What you need to do
Within the entries below, please retype exactly the lines starting with the line that has "Task: Locate the" and going on through the line that has "You are a GUI", but not the pictures.

Data records
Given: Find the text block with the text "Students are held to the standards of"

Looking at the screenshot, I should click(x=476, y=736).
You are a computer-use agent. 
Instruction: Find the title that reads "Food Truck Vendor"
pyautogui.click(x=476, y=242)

* * *

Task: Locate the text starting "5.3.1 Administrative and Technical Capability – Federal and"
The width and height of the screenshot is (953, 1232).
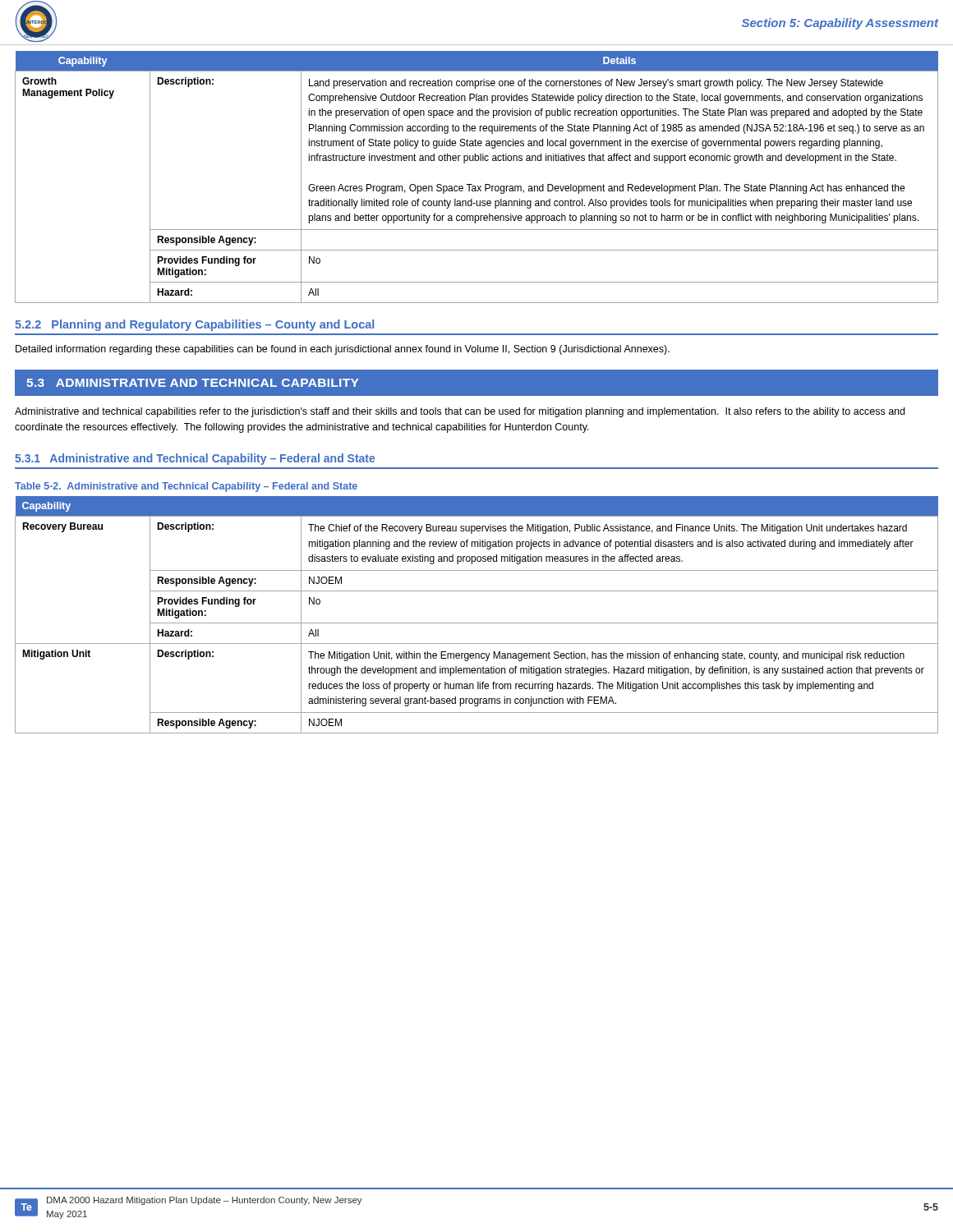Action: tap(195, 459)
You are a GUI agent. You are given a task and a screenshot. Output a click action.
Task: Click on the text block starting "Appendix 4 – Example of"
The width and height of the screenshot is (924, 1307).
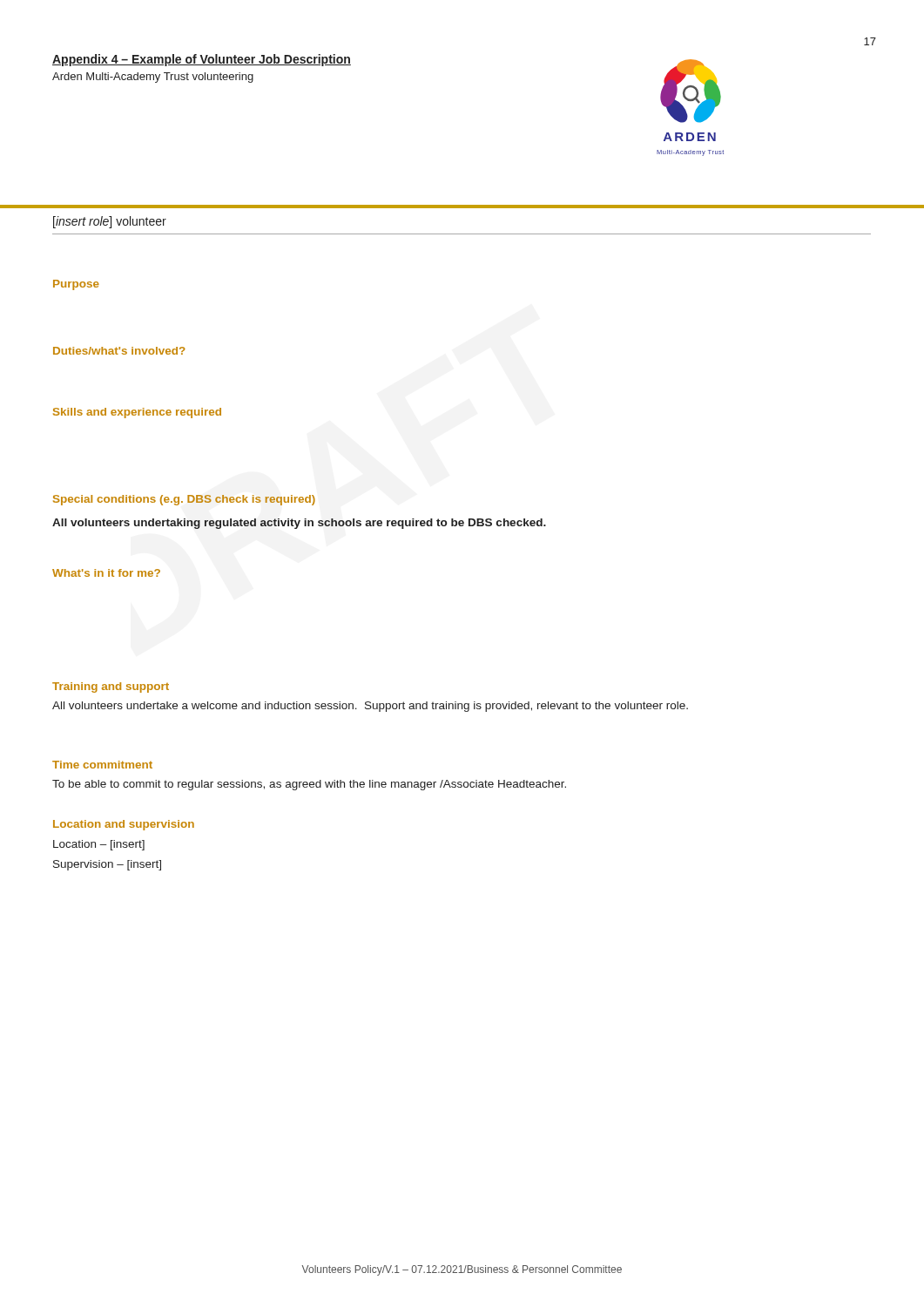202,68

==

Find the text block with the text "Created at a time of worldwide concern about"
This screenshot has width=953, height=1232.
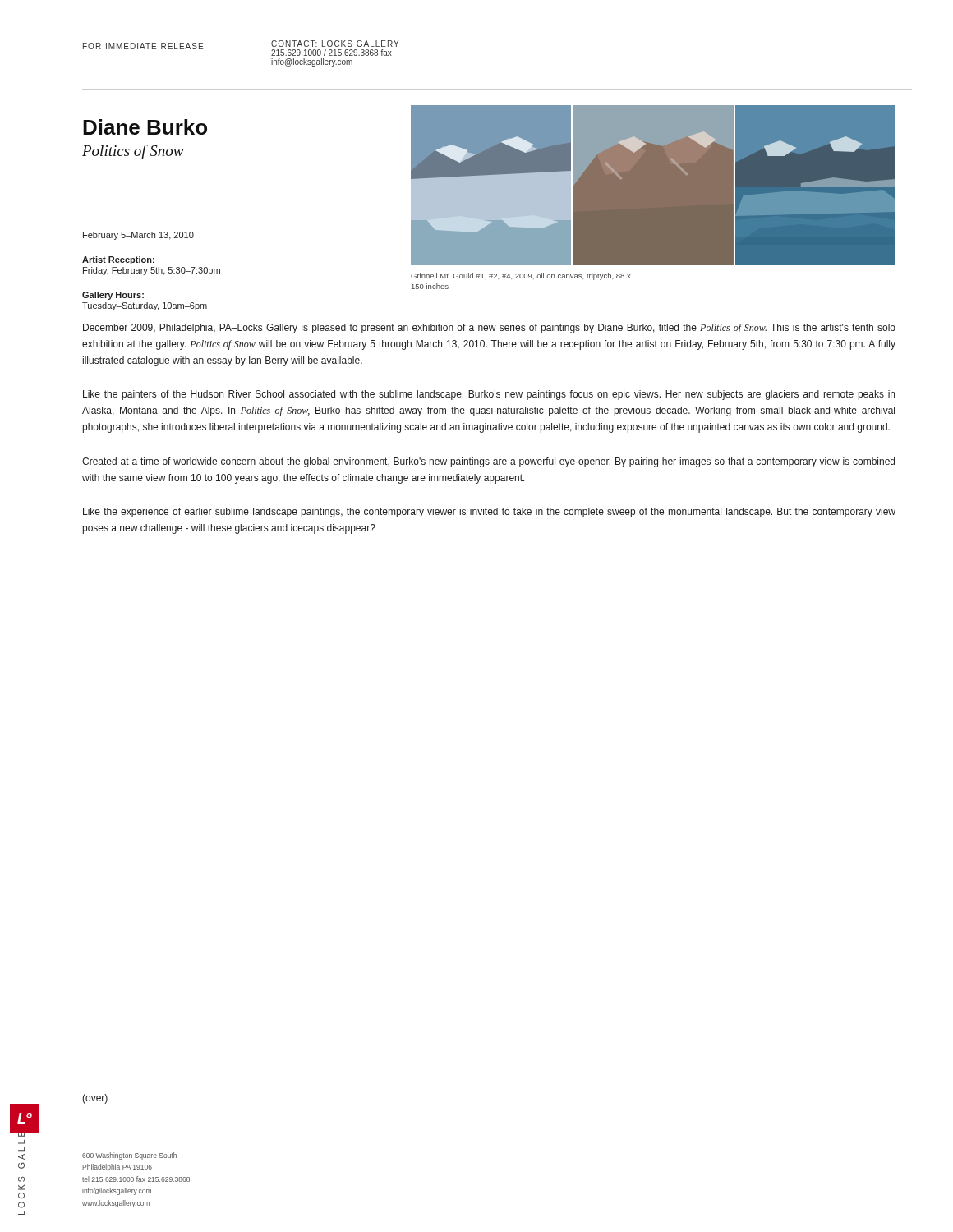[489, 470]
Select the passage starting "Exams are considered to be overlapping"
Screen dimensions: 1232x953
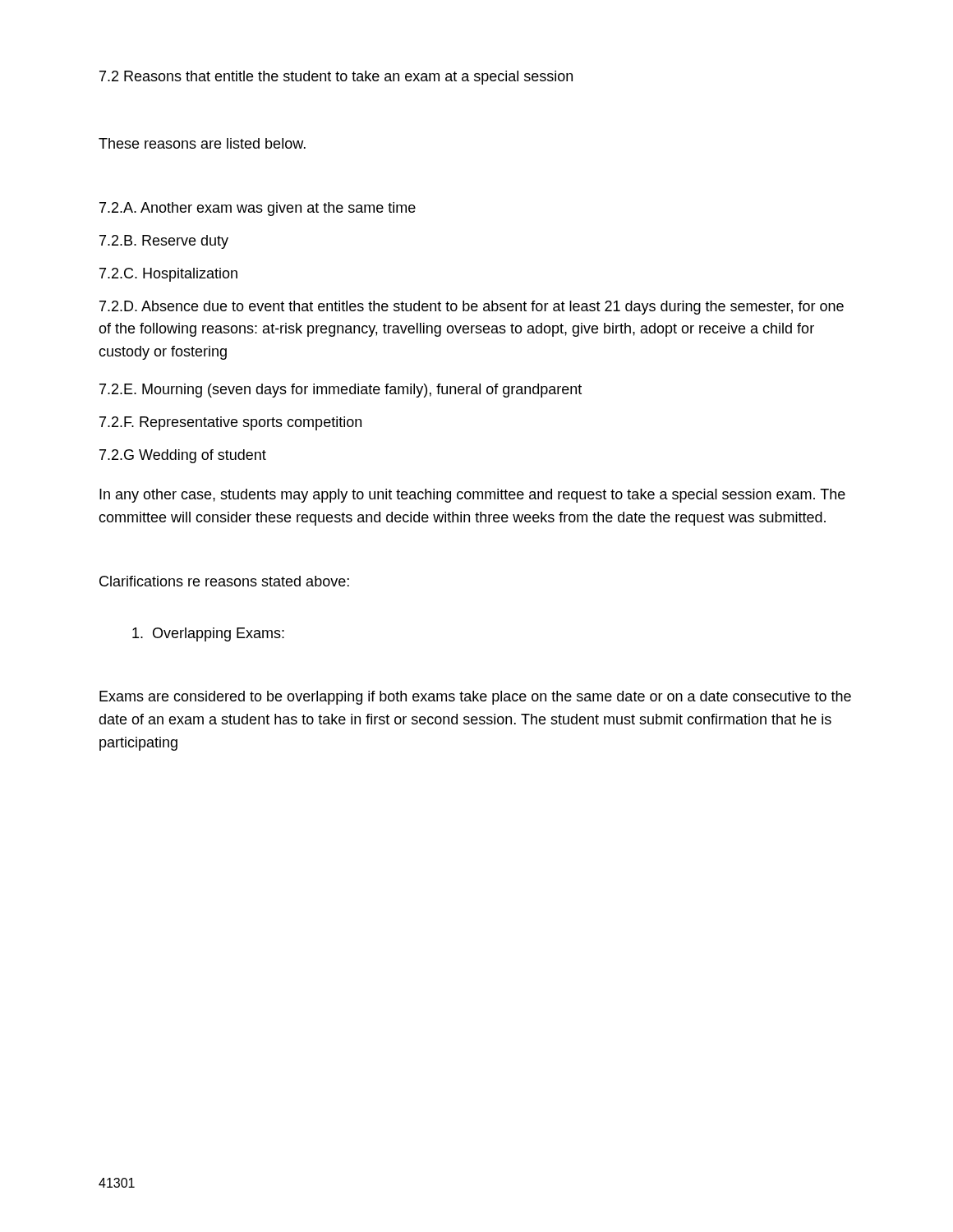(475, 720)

Result
Task: Locate the text starting "5.3.1 Administrative and Technical Capability – Federal and"
The width and height of the screenshot is (953, 1232).
Action: tap(195, 459)
You are a GUI agent. You are given a task and a screenshot. Output a click action.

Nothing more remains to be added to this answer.